• RECORD EXCERPTS
□ □ □ □ □

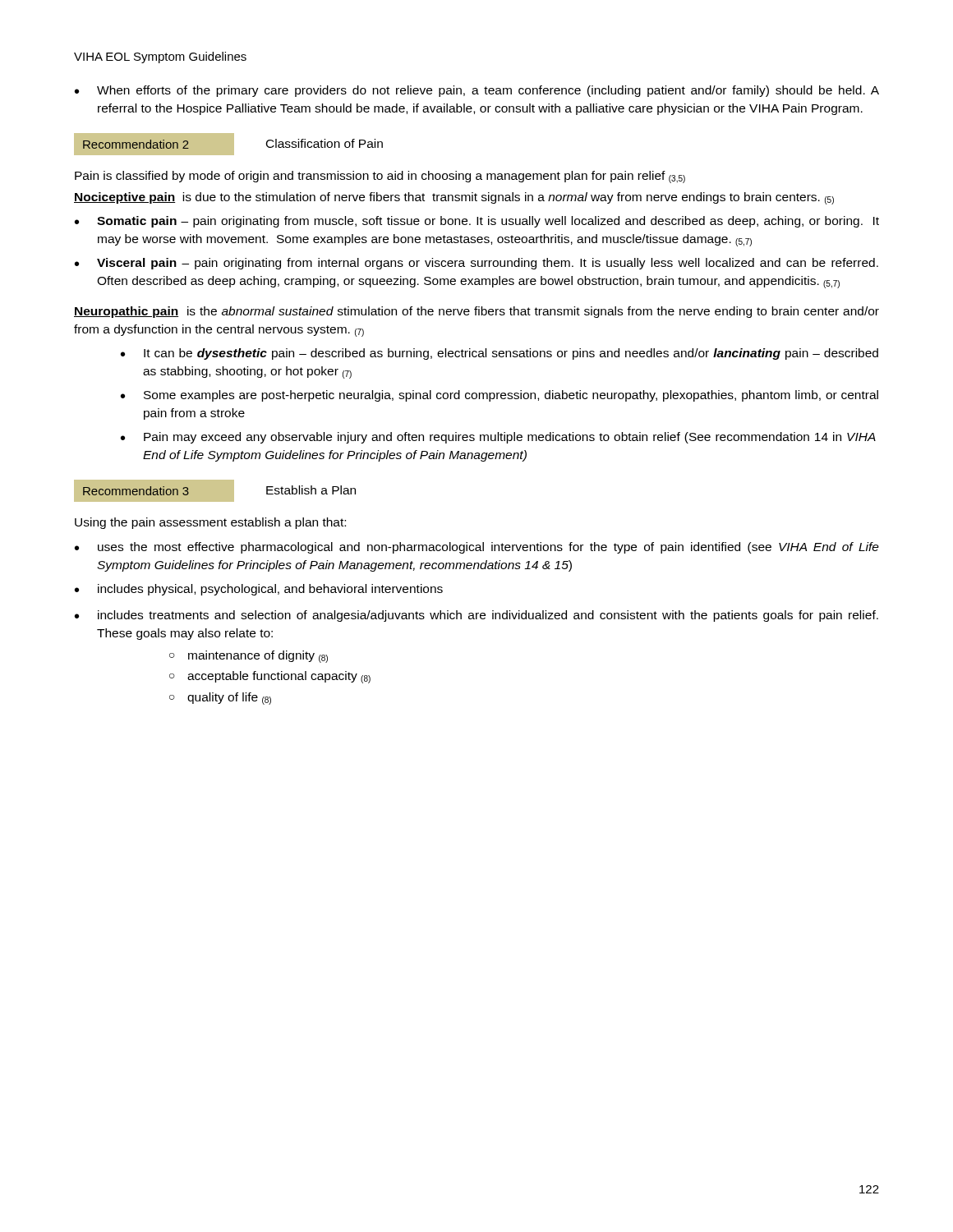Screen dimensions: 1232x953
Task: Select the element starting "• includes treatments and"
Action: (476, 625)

□ □ □ □ □

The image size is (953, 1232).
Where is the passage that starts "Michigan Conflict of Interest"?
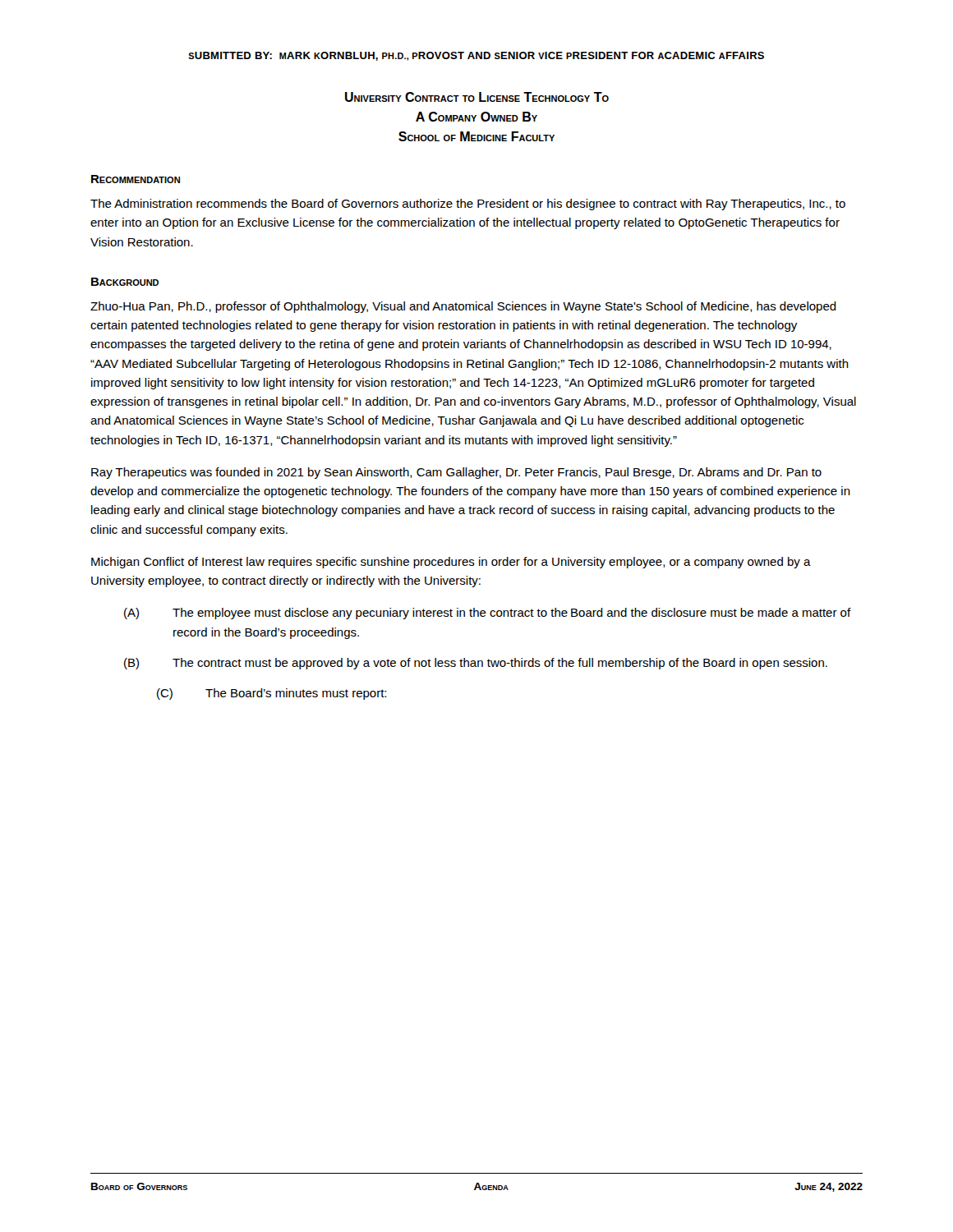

□ □ □ □ □

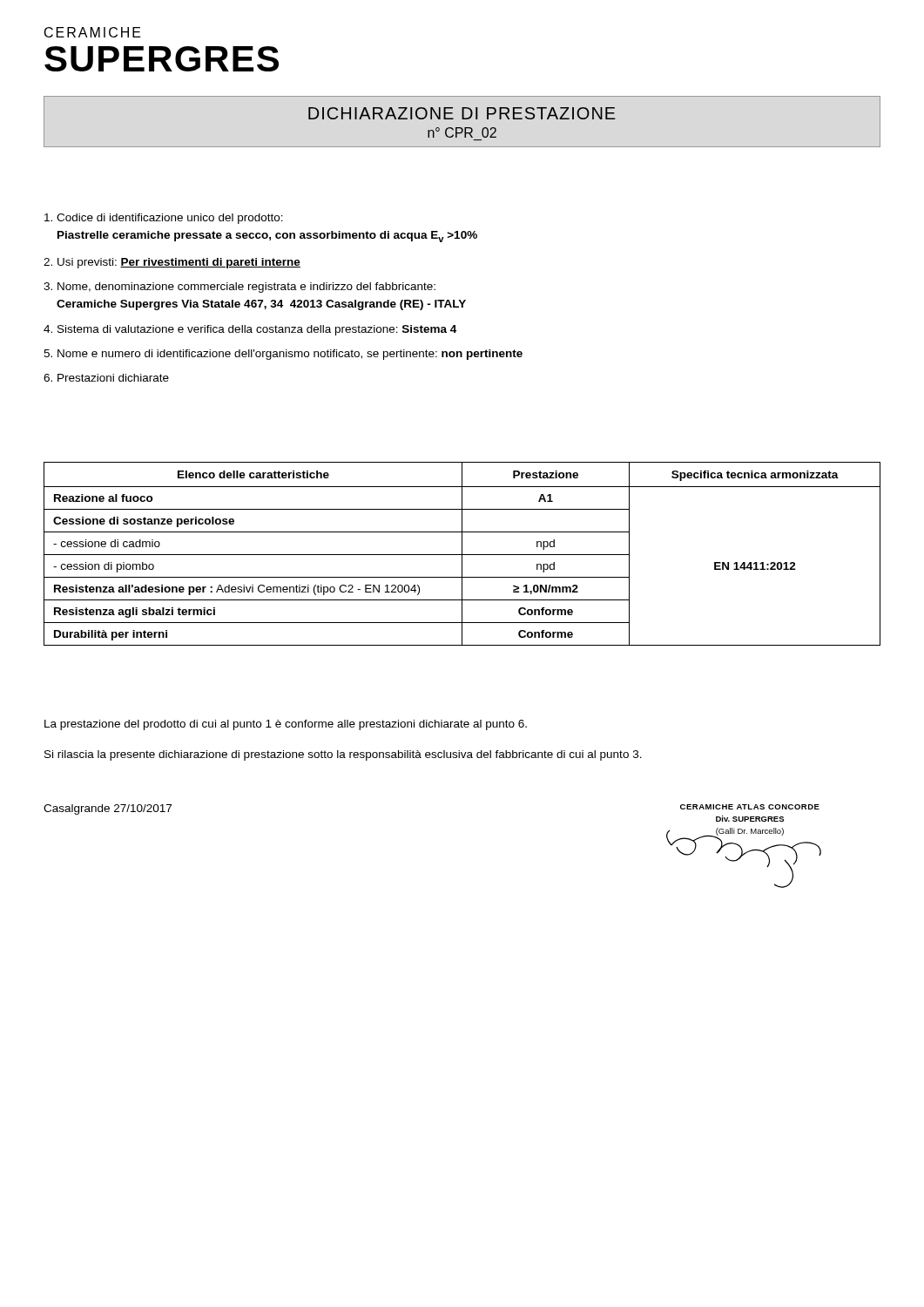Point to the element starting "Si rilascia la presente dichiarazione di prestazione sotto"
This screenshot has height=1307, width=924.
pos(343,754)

□ □ □ □ □

• TASK BRIEF
In the listing above, find the line with "The image size is (953, 1232)." and the line with "Where is the". Output those two lines and every line between them, exactly as written.

• EXERCISE ANSWER
The image size is (953, 1232).
Where is the passage that starts "Michigan Conflict of Interest"?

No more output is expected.